My mother makes these every year for Christmas, and for some reason during the holidays it seems perfectly reasonable to shove handfuls into my mouth. And one of every other cookie offered. I think this year I might just cut to the chase and start eating sticks of butter rolled in brown sugar.
* I know that I'm supposed to do one new recipe every week and I know this is only my second week and I have already failed. In my defense, I haven't been feeling well and I made three new recipes last week. If you're interested, I can certainly post the recipe for "half-eaten bowl of cereal" and "cold pitas with hummus."
Caramel Shortbread Squares
- 2/3 cup butter, softened
- 1/4 cup white sugar
- 1 1/4 cups all-purpose flour
- 1/2 cup butter
- 1/2 cup packed light brown sugar
- 2 tablespoons light corn syrup
- 1/2 cup sweetened condensed milk
- 1 1/4 cups milk chocolate chips.
1. Preheat oven to 350 degrees F (175 C).2. In a medium bowl, mix together 2/3 cup butter, white sugar, and flour until evenly crumbly.
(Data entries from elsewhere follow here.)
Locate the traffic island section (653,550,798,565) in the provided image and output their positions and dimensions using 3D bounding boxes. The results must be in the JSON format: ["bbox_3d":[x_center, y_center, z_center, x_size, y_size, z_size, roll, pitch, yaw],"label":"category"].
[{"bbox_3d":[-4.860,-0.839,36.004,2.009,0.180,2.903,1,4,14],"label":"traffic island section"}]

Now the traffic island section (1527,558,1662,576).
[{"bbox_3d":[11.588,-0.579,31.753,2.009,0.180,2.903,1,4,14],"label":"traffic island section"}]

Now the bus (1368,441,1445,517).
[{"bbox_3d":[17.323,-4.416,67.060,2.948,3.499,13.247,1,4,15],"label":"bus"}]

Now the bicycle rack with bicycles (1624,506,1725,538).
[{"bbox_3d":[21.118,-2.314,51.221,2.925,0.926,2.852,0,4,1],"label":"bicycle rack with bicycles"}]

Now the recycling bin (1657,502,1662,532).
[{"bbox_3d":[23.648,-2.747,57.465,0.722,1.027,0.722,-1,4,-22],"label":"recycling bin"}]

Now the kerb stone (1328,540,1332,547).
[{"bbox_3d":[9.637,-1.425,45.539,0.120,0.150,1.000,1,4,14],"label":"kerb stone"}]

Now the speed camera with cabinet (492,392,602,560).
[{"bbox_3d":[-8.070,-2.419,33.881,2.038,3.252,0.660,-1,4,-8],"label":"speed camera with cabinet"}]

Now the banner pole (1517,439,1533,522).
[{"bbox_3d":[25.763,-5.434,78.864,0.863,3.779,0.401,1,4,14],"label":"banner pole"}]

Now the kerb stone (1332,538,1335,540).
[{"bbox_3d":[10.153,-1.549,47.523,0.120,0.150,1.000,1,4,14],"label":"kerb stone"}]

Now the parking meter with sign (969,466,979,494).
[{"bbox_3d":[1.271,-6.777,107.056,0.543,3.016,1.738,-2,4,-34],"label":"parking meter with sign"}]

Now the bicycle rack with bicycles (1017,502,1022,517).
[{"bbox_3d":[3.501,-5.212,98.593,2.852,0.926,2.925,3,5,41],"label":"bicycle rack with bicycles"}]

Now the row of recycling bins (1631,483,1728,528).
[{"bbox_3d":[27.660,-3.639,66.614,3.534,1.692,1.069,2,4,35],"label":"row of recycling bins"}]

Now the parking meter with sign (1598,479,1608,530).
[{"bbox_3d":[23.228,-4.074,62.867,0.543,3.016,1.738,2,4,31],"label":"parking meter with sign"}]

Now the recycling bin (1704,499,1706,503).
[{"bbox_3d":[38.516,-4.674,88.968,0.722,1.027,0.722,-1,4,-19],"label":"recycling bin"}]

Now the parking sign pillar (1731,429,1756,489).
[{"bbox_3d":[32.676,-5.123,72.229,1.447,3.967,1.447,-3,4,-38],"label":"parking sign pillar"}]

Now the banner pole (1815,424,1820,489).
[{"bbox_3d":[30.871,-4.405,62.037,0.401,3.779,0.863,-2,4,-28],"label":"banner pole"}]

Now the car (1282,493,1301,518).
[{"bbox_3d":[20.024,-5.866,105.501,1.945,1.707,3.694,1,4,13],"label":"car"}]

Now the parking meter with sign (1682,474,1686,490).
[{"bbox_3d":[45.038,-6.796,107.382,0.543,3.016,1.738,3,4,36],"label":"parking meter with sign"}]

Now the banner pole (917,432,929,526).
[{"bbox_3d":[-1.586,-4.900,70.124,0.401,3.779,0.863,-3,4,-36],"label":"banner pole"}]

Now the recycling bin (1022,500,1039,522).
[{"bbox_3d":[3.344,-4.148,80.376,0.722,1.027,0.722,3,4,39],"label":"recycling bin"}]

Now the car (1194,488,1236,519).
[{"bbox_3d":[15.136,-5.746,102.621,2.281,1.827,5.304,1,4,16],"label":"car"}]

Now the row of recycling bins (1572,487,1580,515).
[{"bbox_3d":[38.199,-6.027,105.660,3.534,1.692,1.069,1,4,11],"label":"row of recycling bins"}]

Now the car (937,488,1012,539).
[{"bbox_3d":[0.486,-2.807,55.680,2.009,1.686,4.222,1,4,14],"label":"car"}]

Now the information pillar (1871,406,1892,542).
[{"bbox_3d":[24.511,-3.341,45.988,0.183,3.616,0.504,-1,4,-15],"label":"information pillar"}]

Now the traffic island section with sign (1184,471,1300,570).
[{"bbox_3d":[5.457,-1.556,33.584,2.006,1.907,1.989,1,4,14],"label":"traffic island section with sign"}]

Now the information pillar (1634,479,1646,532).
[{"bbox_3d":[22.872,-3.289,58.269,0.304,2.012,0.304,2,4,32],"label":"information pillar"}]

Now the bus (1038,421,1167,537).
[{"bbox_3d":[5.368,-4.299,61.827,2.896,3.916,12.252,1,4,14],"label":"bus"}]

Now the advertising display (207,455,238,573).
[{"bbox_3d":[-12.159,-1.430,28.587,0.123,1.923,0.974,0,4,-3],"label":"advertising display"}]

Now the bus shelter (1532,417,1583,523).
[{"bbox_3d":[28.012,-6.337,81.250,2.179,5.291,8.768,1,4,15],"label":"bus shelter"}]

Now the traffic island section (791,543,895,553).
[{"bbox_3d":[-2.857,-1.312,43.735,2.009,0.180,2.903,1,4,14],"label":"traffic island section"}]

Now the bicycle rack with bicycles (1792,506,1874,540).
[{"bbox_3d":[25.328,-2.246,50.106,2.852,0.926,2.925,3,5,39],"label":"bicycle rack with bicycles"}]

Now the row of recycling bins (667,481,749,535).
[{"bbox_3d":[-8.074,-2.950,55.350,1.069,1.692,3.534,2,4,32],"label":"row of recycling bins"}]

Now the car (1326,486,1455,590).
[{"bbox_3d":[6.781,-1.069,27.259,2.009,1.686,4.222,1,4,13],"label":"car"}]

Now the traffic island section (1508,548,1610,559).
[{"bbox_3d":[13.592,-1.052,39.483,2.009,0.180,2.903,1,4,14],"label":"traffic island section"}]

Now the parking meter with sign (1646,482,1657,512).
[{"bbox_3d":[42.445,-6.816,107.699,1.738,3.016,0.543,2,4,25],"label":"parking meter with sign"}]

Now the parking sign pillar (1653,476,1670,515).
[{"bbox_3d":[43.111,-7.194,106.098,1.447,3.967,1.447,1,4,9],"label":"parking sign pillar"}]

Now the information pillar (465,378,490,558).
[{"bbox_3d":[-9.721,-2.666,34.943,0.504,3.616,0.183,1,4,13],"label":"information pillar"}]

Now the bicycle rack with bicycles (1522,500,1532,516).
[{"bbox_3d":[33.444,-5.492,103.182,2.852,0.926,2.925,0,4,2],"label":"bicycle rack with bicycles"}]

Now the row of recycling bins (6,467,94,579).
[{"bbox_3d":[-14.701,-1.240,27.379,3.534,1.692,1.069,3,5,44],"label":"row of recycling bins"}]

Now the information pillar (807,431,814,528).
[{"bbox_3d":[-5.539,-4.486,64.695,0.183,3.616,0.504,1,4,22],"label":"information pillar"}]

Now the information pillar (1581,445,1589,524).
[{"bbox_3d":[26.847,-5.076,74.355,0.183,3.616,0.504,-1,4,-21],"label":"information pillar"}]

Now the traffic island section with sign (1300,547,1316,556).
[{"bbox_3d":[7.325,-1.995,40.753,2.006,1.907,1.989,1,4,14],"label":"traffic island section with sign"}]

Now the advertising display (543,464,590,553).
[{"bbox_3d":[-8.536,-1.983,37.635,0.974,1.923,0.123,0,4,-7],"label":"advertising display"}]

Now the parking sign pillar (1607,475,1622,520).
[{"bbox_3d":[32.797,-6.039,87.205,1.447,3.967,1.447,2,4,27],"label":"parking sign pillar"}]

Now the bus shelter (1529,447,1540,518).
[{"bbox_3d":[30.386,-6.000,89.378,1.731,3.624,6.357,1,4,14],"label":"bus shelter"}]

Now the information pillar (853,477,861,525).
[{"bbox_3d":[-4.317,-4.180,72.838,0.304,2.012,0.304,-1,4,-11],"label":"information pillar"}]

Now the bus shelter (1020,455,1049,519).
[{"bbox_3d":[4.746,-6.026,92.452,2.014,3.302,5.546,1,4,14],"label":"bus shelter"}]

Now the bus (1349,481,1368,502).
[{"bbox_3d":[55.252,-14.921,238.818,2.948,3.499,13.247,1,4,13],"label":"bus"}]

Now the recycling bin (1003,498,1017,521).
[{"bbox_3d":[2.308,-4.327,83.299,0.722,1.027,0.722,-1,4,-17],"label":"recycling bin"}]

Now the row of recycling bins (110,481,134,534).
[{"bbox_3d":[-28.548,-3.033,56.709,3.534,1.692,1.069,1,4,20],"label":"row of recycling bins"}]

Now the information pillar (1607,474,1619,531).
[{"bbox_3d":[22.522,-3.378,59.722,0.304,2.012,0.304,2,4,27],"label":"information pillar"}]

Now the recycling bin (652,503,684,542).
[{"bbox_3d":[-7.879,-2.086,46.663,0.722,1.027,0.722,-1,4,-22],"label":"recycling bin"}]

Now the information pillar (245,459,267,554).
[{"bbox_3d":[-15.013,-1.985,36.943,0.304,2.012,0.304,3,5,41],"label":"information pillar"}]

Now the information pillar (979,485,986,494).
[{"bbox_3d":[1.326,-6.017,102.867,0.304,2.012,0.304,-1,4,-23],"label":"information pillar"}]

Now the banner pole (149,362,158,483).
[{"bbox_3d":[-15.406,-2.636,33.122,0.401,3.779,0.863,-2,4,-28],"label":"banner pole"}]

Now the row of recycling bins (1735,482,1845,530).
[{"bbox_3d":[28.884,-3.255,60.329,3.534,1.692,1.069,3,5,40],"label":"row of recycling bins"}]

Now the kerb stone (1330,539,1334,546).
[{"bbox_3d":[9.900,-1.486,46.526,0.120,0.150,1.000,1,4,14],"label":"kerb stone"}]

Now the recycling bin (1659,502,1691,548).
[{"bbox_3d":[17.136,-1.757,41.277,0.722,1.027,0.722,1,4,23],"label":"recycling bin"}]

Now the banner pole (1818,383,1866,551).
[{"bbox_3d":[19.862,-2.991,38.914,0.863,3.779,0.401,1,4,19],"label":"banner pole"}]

Press into a 9 inch square baking pan. Bake for 20 minutes.
2. After baking, I placed the shortbread into the freezer for about 10-20 minutes to cool. If you do not do this, the caramel will separate from the shortbread later on.
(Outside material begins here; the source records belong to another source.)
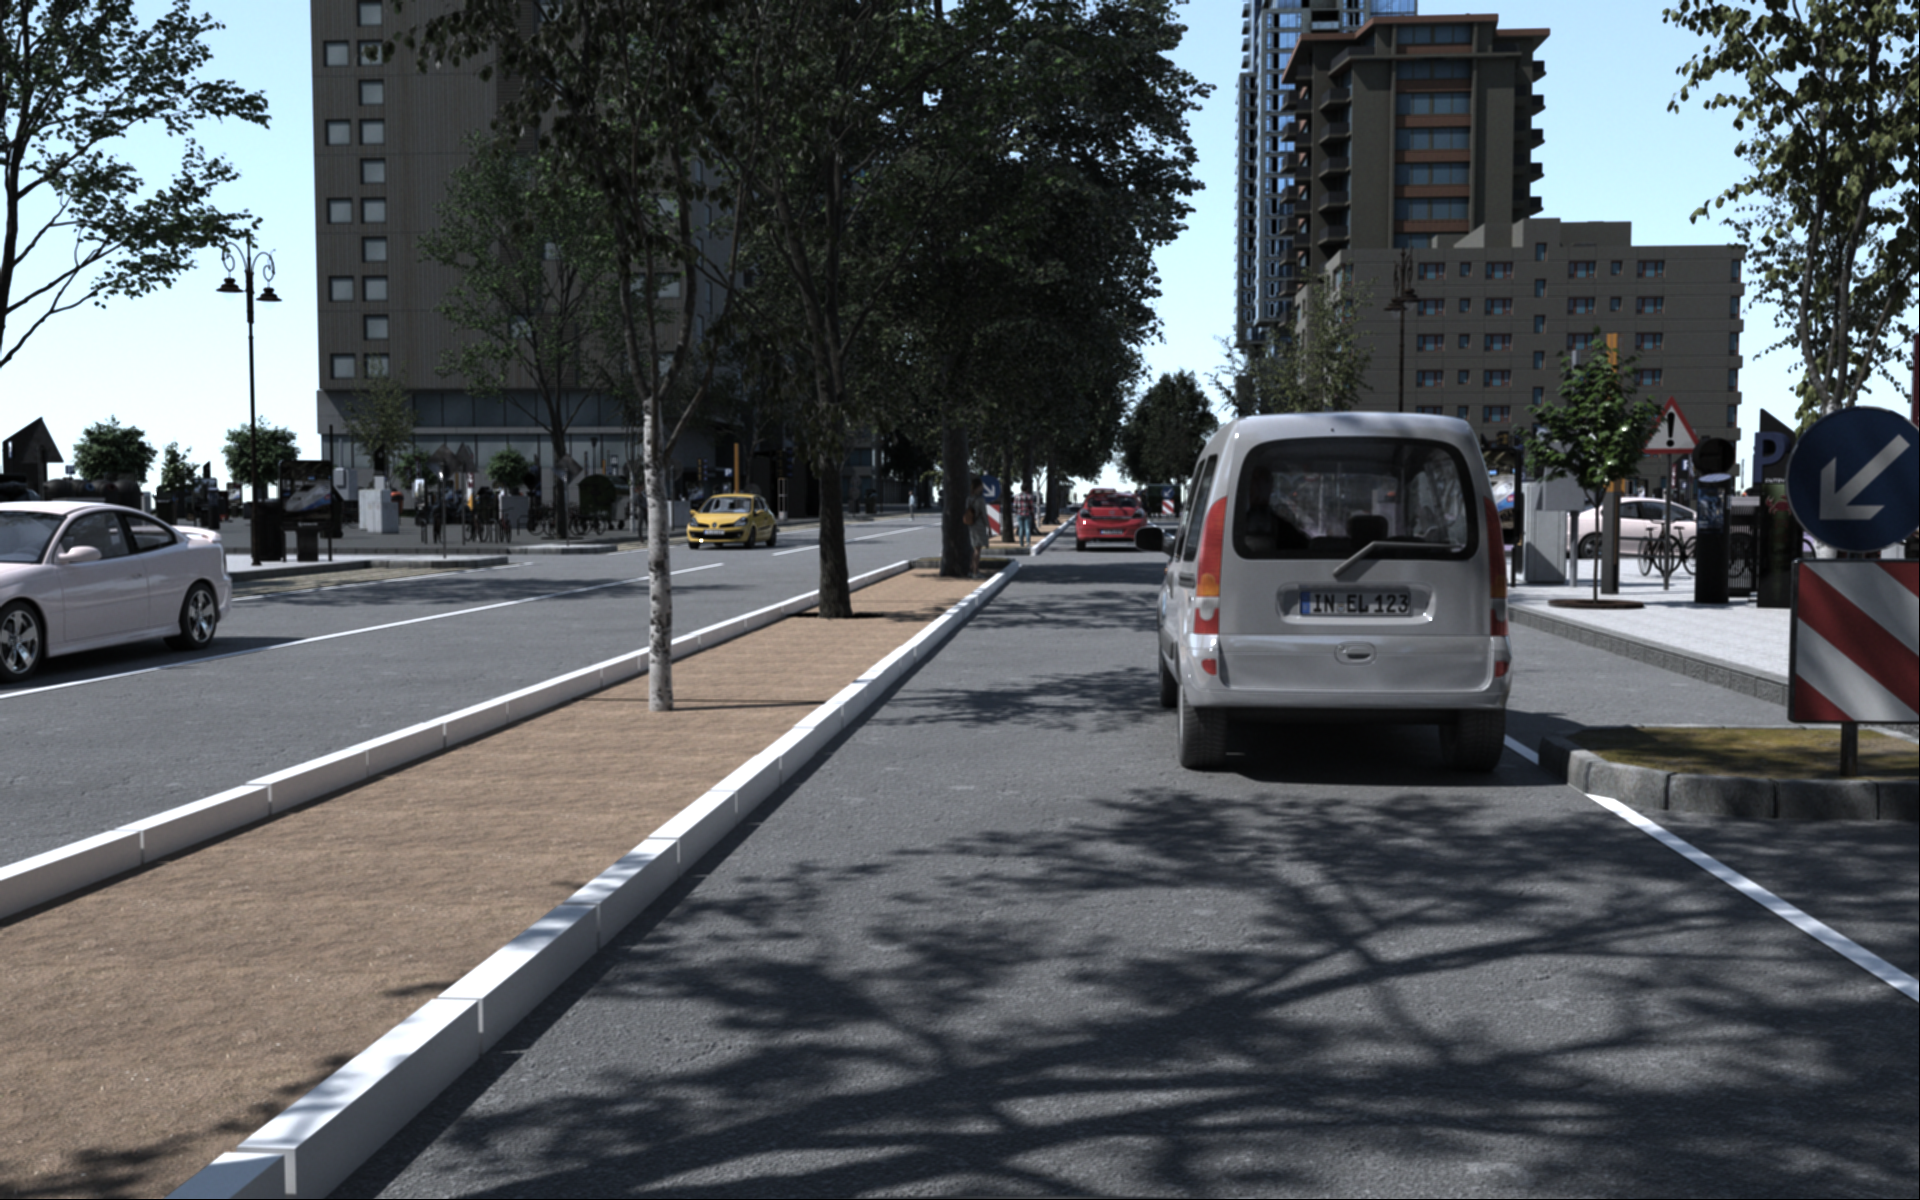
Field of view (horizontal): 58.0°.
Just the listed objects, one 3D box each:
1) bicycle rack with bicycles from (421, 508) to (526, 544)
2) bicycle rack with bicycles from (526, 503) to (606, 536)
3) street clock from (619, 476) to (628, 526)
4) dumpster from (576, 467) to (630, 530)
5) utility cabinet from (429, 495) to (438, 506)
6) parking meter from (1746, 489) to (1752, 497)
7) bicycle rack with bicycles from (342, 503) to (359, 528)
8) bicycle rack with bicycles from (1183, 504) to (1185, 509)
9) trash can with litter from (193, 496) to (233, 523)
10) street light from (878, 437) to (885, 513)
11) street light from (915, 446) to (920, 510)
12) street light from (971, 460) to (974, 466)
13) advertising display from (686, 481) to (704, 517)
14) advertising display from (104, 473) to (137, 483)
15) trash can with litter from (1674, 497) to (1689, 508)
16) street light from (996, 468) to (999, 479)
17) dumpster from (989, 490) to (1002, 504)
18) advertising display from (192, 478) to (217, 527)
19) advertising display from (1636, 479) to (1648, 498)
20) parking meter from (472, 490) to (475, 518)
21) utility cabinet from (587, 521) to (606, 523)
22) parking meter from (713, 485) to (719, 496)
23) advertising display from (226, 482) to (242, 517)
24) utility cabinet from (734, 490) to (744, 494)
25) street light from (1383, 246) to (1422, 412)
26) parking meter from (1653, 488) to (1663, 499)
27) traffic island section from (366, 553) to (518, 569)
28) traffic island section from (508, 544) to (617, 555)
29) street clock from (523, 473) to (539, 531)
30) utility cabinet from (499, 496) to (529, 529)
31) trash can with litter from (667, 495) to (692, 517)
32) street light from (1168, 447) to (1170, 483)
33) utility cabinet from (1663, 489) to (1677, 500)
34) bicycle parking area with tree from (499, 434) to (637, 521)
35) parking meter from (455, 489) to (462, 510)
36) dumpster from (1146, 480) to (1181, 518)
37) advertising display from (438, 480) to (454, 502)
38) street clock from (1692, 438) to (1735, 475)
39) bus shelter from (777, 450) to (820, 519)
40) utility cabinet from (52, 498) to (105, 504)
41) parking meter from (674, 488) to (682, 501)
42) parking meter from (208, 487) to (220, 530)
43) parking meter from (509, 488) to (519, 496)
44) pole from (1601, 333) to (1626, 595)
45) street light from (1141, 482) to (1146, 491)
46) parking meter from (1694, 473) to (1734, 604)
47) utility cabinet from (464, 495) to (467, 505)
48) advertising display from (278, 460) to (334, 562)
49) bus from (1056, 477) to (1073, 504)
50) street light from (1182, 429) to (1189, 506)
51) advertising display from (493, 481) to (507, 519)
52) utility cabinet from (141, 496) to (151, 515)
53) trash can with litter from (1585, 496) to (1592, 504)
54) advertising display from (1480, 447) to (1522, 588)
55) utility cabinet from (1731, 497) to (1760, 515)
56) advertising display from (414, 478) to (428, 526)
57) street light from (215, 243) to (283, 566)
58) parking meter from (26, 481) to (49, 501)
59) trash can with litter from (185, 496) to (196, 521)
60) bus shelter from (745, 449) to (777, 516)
[{"bbox_3d":[-13.139,-1.986,45.856,2.852,0.926,2.925,-1,4,-19],"label":"bicycle rack with bicycles"},{"bbox_3d":[-12.331,-2.488,54.063,2.852,0.926,2.925,3,5,45],"label":"bicycle rack with bicycles"},{"bbox_3d":[-13.245,-3.862,67.721,0.471,2.002,0.358,-2,4,-25],"label":"street clock"},{"bbox_3d":[-12.795,-3.644,62.069,1.502,2.255,1.985,0,4,5],"label":"dumpster"},{"bbox_3d":[-26.128,-4.627,86.816,1.020,1.237,0.306,-2,4,-33],"label":"utility cabinet"},{"bbox_3d":[40.325,-4.892,88.393,0.372,1.533,0.369,0,3,0],"label":"parking meter"},{"bbox_3d":[-23.140,-3.164,65.107,2.925,0.926,2.852,-3,4,-39],"label":"bicycle rack with bicycles"},{"bbox_3d":[15.925,-6.059,112.439,2.852,0.926,2.925,3,5,41],"label":"bicycle rack with bicycles"},{"bbox_3d":[-34.108,-4.154,78.973,1.678,1.210,2.233,2,4,31],"label":"trash can with litter"},{"bbox_3d":[-5.410,-8.946,119.057,0.468,5.910,1.993,0,4,5],"label":"street light"},{"bbox_3d":[-3.467,-10.375,142.416,0.468,5.910,1.993,0,4,5],"label":"street light"},{"bbox_3d":[1.457,-14.043,202.386,0.468,5.910,1.993,0,4,5],"label":"street light"},{"bbox_3d":[-13.452,-5.063,87.998,0.974,1.923,0.123,-3,4,-37],"label":"advertising display"},{"bbox_3d":[-25.444,-2.894,52.530,0.123,1.923,0.974,2,4,34],"label":"advertising display"},{"bbox_3d":[38.723,-5.067,93.905,1.678,1.210,2.233,-3,5,-39],"label":"trash can with litter"},{"bbox_3d":[5.422,-16.954,249.992,0.468,5.910,1.993,0,4,5],"label":"street light"},{"bbox_3d":[4.115,-12.156,206.971,1.865,1.857,1.264,0,4,6],"label":"dumpster"},{"bbox_3d":[-29.579,-3.831,67.853,0.123,1.923,0.974,3,4,39],"label":"advertising display"},{"bbox_3d":[28.827,-4.159,73.208,0.123,1.923,0.974,0,4,1],"label":"advertising display"},{"bbox_3d":[-26.280,-5.182,93.144,0.372,1.533,0.369,0,3,0],"label":"parking meter"},{"bbox_3d":[-16.287,-4.043,77.273,1.020,1.237,0.306,2,4,30],"label":"utility cabinet"},{"bbox_3d":[-15.880,-6.545,112.716,0.255,1.863,0.399,3,5,41],"label":"parking meter"},{"bbox_3d":[-39.876,-5.504,95.200,0.974,1.923,0.123,1,4,20],"label":"advertising display"},{"bbox_3d":[-12.692,-5.644,100.951,0.318,1.500,1.173,2,4,34],"label":"utility cabinet"},{"bbox_3d":[8.279,-3.653,32.516,0.468,5.910,1.993,0,4,5],"label":"street light"},{"bbox_3d":[27.829,-3.711,69.082,0.372,1.533,0.369,0,3,0],"label":"parking meter"},{"bbox_3d":[-10.290,-0.749,34.521,2.009,0.180,2.903,0,4,5],"label":"traffic island section"},{"bbox_3d":[-9.636,-1.235,42.479,2.009,0.180,2.903,0,4,5],"label":"traffic island section"},{"bbox_3d":[-14.788,-3.374,59.743,0.471,2.002,0.358,1,4,15],"label":"street clock"},{"bbox_3d":[-16.440,-3.223,63.851,1.020,1.237,0.306,-2,4,-31],"label":"utility cabinet"},{"bbox_3d":[-15.327,-5.229,96.557,2.233,1.210,1.678,3,5,44],"label":"trash can with litter"},{"bbox_3d":[17.432,-10.480,144.139,0.468,5.910,1.993,0,4,5],"label":"street light"},{"bbox_3d":[29.541,-3.866,71.895,1.173,1.500,0.318,-3,4,-38],"label":"utility cabinet"},{"bbox_3d":[-18.844,-6.016,85.359,9.016,4.147,8.231,1,4,23],"label":"bicycle parking area with tree"},{"bbox_3d":[-25.994,-4.978,89.802,0.372,1.533,0.369,0,3,0],"label":"parking meter"},{"bbox_3d":[11.720,-5.790,99.621,1.985,2.255,1.502,0,4,4],"label":"dumpster"},{"bbox_3d":[-23.598,-4.545,79.528,0.123,1.923,0.974,1,4,22],"label":"advertising display"},{"bbox_3d":[9.759,-1.095,22.480,0.471,2.002,0.358,0,4,0],"label":"street clock"},{"bbox_3d":[-8.244,-6.228,93.108,1.731,3.624,6.357,0,4,5],"label":"bus shelter"},{"bbox_3d":[-14.979,-1.119,29.464,0.306,1.237,1.020,0,4,7],"label":"utility cabinet"},{"bbox_3d":[-11.633,-3.844,71.258,0.372,1.533,0.369,0,3,0],"label":"parking meter"},{"bbox_3d":[-27.019,-3.321,62.705,0.372,1.533,0.369,0,3,0],"label":"parking meter"},{"bbox_3d":[-17.410,-3.626,67.692,0.372,1.533,0.369,0,3,0],"label":"parking meter"},{"bbox_3d":[8.326,-1.728,22.095,0.158,3.312,0.155,0,3,0],"label":"pole"},{"bbox_3d":[26.280,-17.012,250.927,0.468,5.910,1.993,0,4,5],"label":"street light"},{"bbox_3d":[8.865,-0.732,20.384,0.372,1.533,0.369,0,3,0],"label":"parking meter"},{"bbox_3d":[-32.461,-6.313,114.372,0.306,1.237,1.020,1,4,10],"label":"utility cabinet"},{"bbox_3d":[-12.390,-1.690,32.845,0.974,1.923,0.123,-3,4,-37],"label":"advertising display"},{"bbox_3d":[14.441,-15.450,244.160,2.896,3.916,12.252,0,4,7],"label":"bus"},{"bbox_3d":[15.595,-9.012,120.126,0.468,5.910,1.993,0,4,5],"label":"street light"},{"bbox_3d":[-23.637,-5.122,88.961,0.974,1.923,0.123,3,4,37],"label":"advertising display"},{"bbox_3d":[-31.670,-3.398,66.727,1.020,1.237,0.306,1,4,20],"label":"utility cabinet"},{"bbox_3d":[29.147,-4.450,83.809,2.233,1.210,1.678,-1,4,-16],"label":"trash can with litter"},{"bbox_3d":[7.350,-1.154,24.086,0.123,1.923,0.974,-3,4,-37],"label":"advertising display"},{"bbox_3d":[19.131,-1.917,42.510,1.020,1.237,0.306,3,4,38],"label":"utility cabinet"},{"bbox_3d":[-21.369,-3.882,68.680,0.123,1.923,0.974,-3,5,-41],"label":"advertising display"},{"bbox_3d":[-12.641,-3.557,30.944,0.468,5.910,1.993,0,4,5],"label":"street light"},{"bbox_3d":[-17.255,-1.469,32.428,0.372,1.533,0.369,0,3,0],"label":"parking meter"},{"bbox_3d":[-37.275,-4.447,84.097,0.624,1.170,1.055,-2,4,-28],"label":"trash can with litter"},{"bbox_3d":[-10.061,-6.225,93.056,1.731,3.624,6.357,0,4,5],"label":"bus shelter"}]

3. In a 2 quart saucepan, combine 1/2 cup butter, brown sugar, corn syrup, and sweetened condensed milk. Bring to a boil. Continue to boil for 5 minutes. Remove from heat and beat vigorously with a wooden spoon for about 3 minutes. Pour over baked crust. Cool until it begins to firm.
4. Place chocolate in a microwave-safe bowl. Heat for 1 minute, then stir and continue to heat and stir at 20 second intervals until chocolate is melted and smooth. Pour chocolate over the caramel layer and spread evenly to cover completely. Chill. Cut into 1 inch squares. These need to be small because they are so rich.